== Work order ==
Leave out the pictures, then return the records word for word.

== Data to examine ==
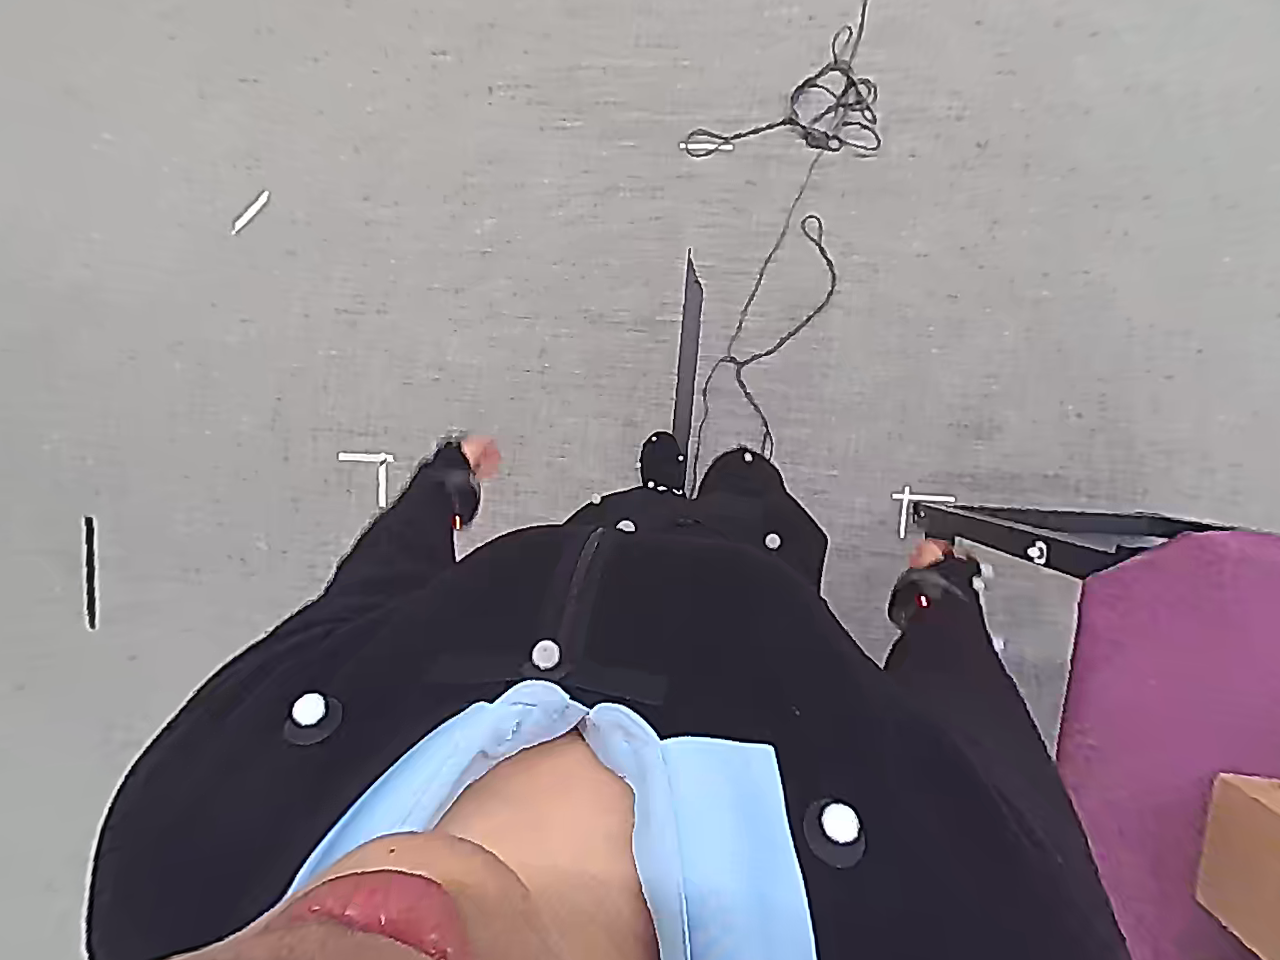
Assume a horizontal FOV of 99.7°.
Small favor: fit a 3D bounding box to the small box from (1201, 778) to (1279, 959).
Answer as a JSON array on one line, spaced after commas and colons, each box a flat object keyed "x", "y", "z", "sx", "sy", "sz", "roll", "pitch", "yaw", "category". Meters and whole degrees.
[{"x": 0.800, "y": 0.472, "z": 0.609, "sx": 0.168, "sy": 0.176, "sz": 0.179, "roll": 5, "pitch": 95, "yaw": 7, "category": "small box"}]
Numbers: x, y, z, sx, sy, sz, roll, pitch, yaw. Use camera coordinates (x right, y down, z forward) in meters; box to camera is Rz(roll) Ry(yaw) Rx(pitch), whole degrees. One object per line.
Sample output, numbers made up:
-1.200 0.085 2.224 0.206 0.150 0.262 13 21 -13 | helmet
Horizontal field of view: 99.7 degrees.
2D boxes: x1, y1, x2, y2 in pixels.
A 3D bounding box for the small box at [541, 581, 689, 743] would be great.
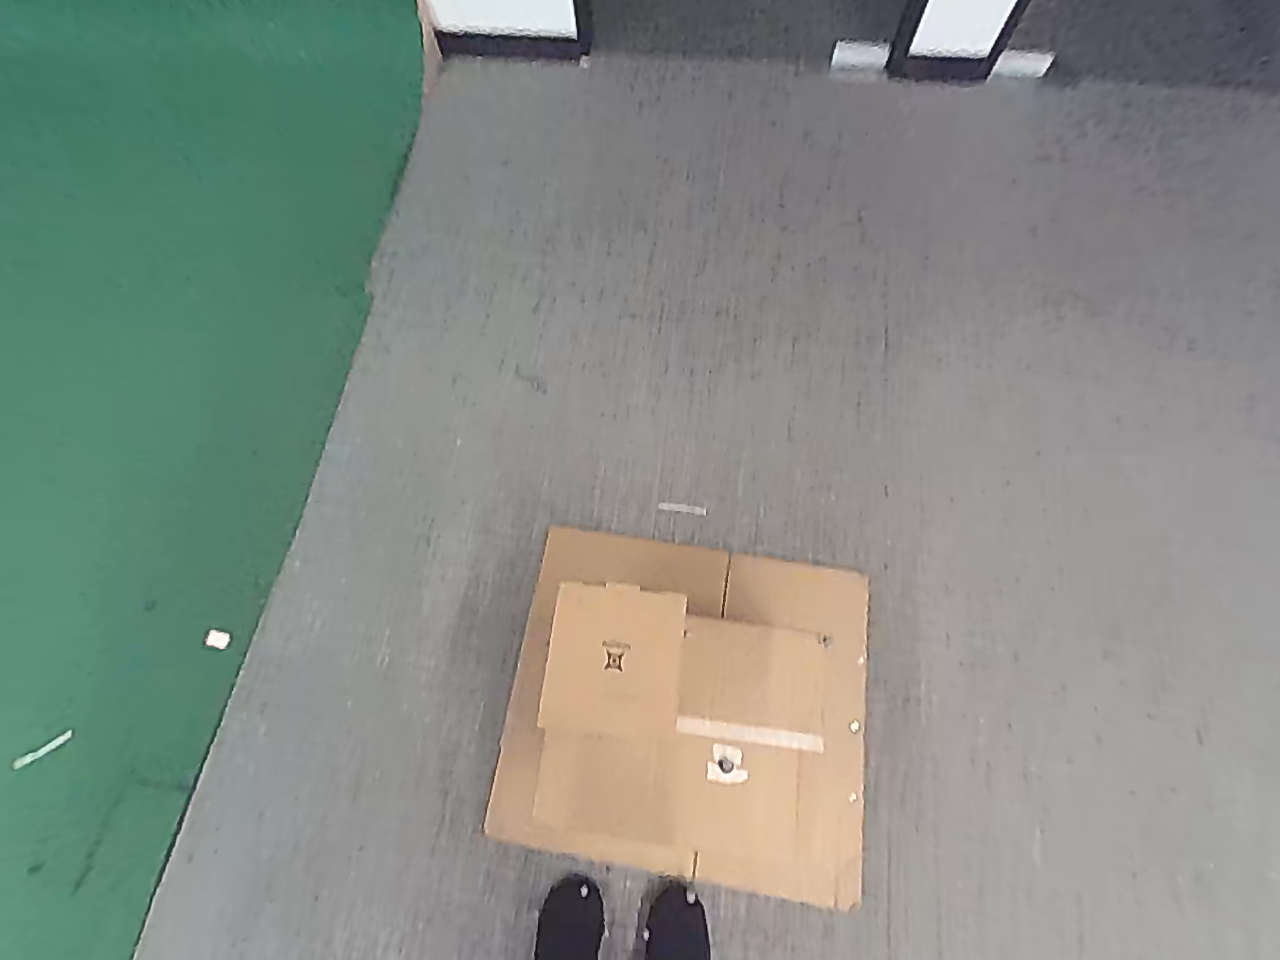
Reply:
-0.027 0.246 0.734 0.168 0.176 0.179 5 70 4 | small box
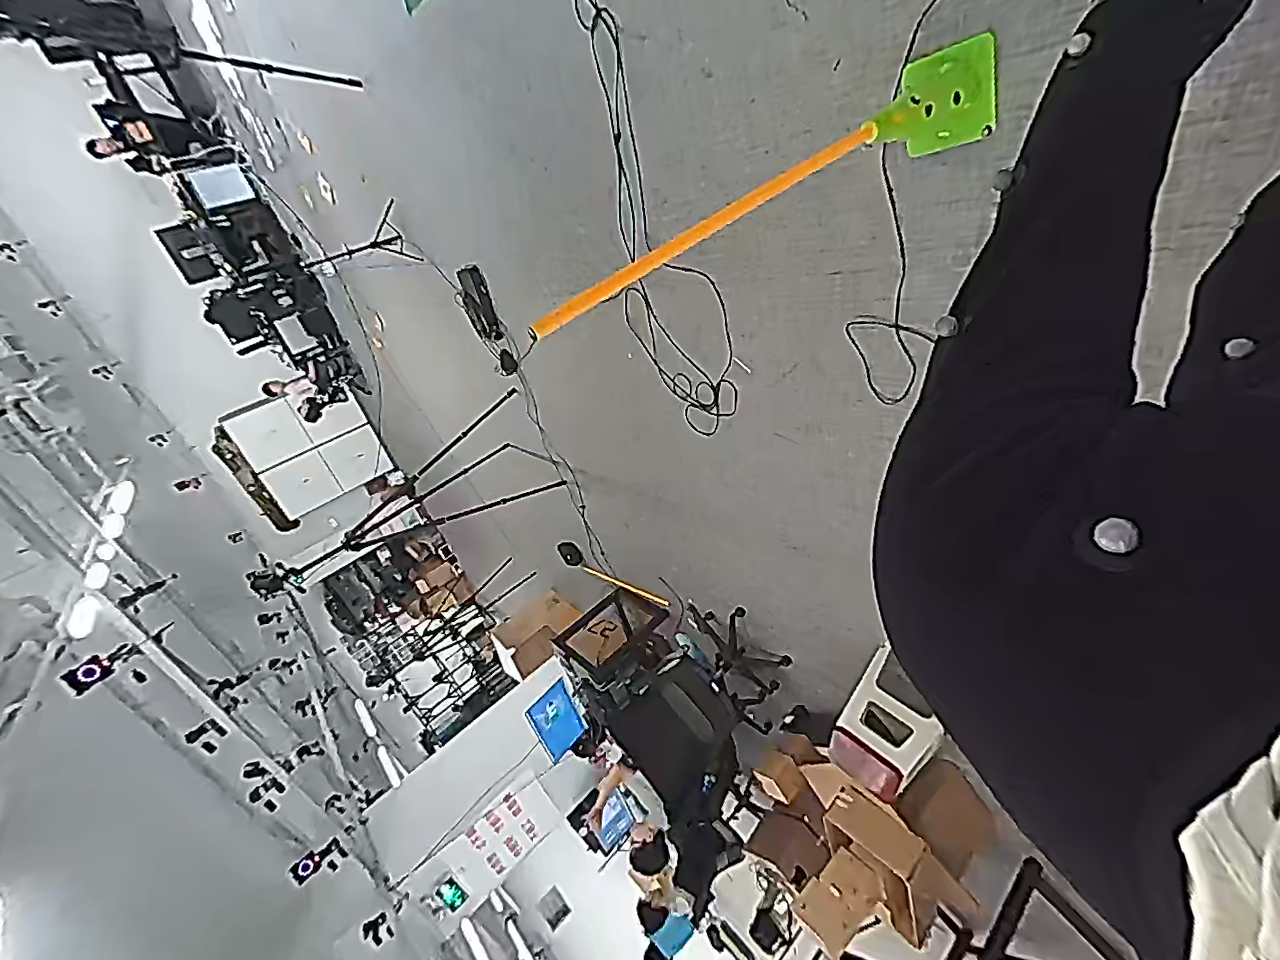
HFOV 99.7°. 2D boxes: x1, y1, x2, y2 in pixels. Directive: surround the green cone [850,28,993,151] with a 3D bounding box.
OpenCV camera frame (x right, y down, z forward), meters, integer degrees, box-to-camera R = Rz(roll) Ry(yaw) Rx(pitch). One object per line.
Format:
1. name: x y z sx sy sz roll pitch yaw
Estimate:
1. green cone: 0.582 -0.810 1.179 0.202 0.368 0.200 17 134 52
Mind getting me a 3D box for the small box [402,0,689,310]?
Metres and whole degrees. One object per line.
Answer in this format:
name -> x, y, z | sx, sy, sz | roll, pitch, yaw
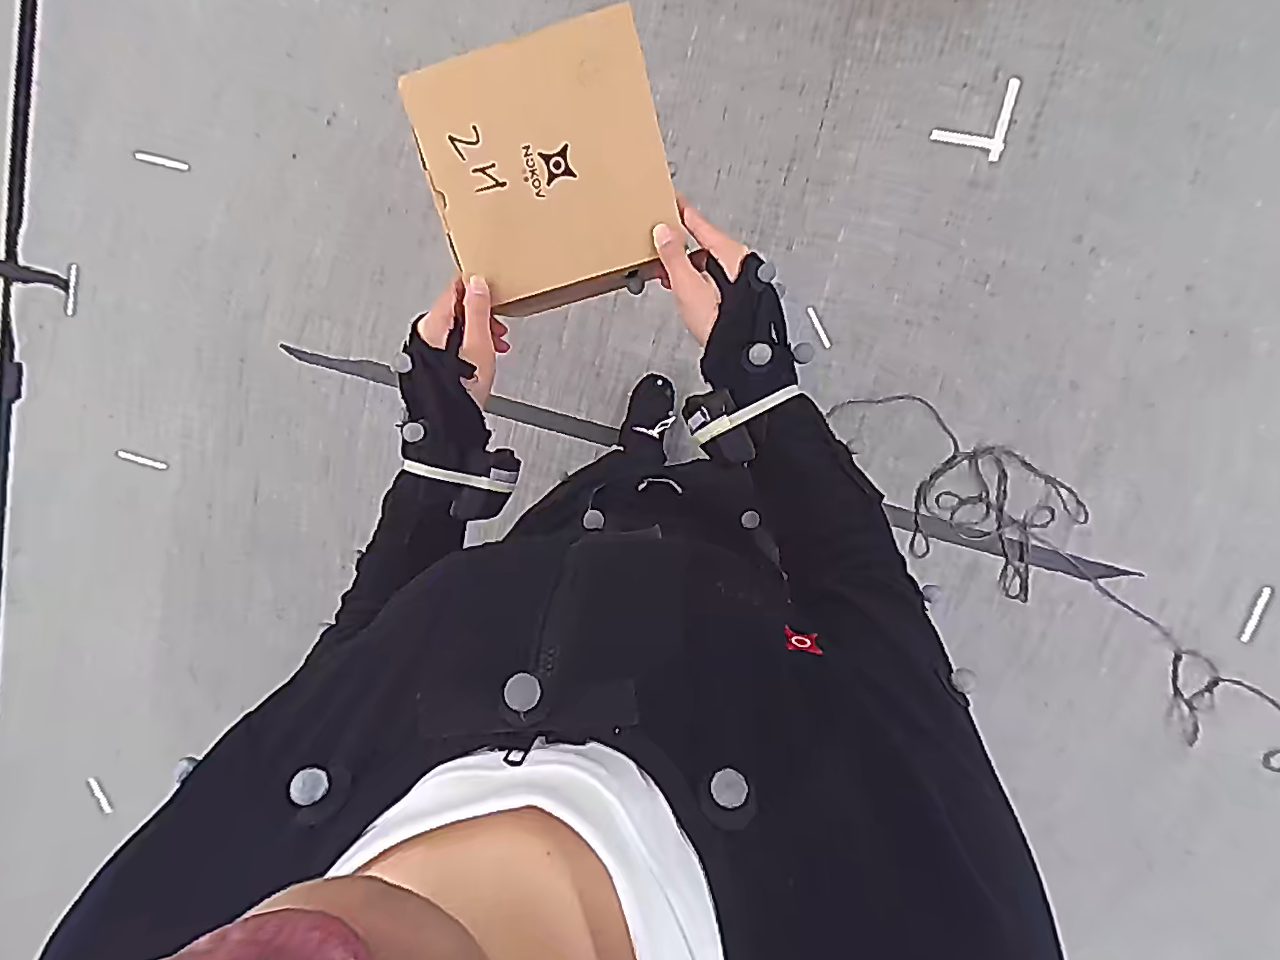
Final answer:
small box -> -0.066, -0.253, 0.471 | 0.179, 0.176, 0.168 | -14, 104, 4
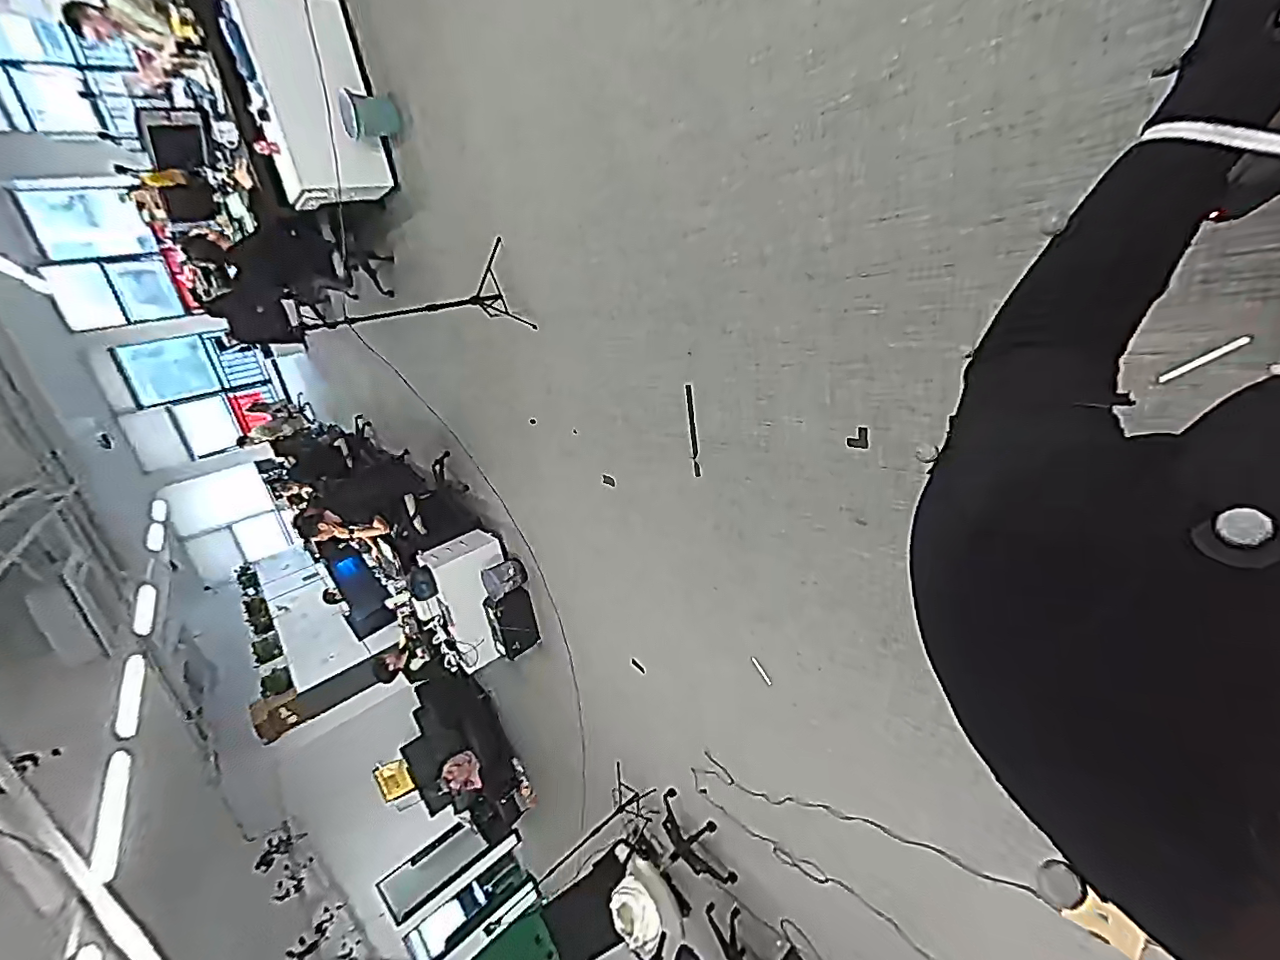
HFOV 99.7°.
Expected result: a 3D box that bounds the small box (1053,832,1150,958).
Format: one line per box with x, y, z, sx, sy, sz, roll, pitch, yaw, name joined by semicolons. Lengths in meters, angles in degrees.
1.272;1.133;1.489;0.168;0.176;0.179;15;121;47;small box

== Reply ==
Assume a horizontal FOV of 99.7°.
Small favor: fit a 3D bounding box to the small box from (1201, 778) to (1279, 959).
Answer as a JSON array on one line, spaced after commas and colons, each box a flat object keyed "x", "y", "z", "sx", "sy", "sz", "roll", "pitch", "yaw", "category". Meters and whole degrees.
[{"x": 0.800, "y": 0.472, "z": 0.609, "sx": 0.168, "sy": 0.176, "sz": 0.179, "roll": 5, "pitch": 95, "yaw": 7, "category": "small box"}]
Numbers: x, y, z, sx, sy, sz, roll, pitch, yaw. Use camera coordinates (x right, y down, z forward) in meters; box to camera is Rz(roll) Ry(yaw) Rx(pitch), whole degrees. One object per line.
Sample output, numbers made up:
-1.200 0.085 2.224 0.206 0.150 0.262 13 21 -13 | helmet
Horizontal field of view: 99.7 degrees.
2D boxes: x1, y1, x2, y2 in pixels.
A 3D bounding box for the small box at [541, 581, 689, 743] would be great.
Reply:
-0.027 0.246 0.734 0.168 0.176 0.179 5 70 4 | small box
HFOV 99.7°. 2D boxes: x1, y1, x2, y2 in pixels. Directive: surround the green cone [850,28,993,151] with a 3D bounding box.
OpenCV camera frame (x right, y down, z forward), meters, integer degrees, box-to-camera R = Rz(roll) Ry(yaw) Rx(pitch). One object per line.
Format:
1. name: x y z sx sy sz roll pitch yaw
Estimate:
1. green cone: 0.582 -0.810 1.179 0.202 0.368 0.200 17 134 52
Mind getting me a 3D box for the small box [402,0,689,310]?
Metres and whole degrees. One object per line.
Answer in this format:
name -> x, y, z | sx, sy, sz | roll, pitch, yaw
Final answer:
small box -> -0.066, -0.253, 0.471 | 0.179, 0.176, 0.168 | -14, 104, 4
HFOV 99.7°.
Expected result: a 3D box that bounds the small box (1053,832,1150,958).
Format: one line per box with x, y, z, sx, sy, sz, roll, pitch, yaw, name joined by semicolons. Lengths in meters, angles in degrees.
1.272;1.133;1.489;0.168;0.176;0.179;15;121;47;small box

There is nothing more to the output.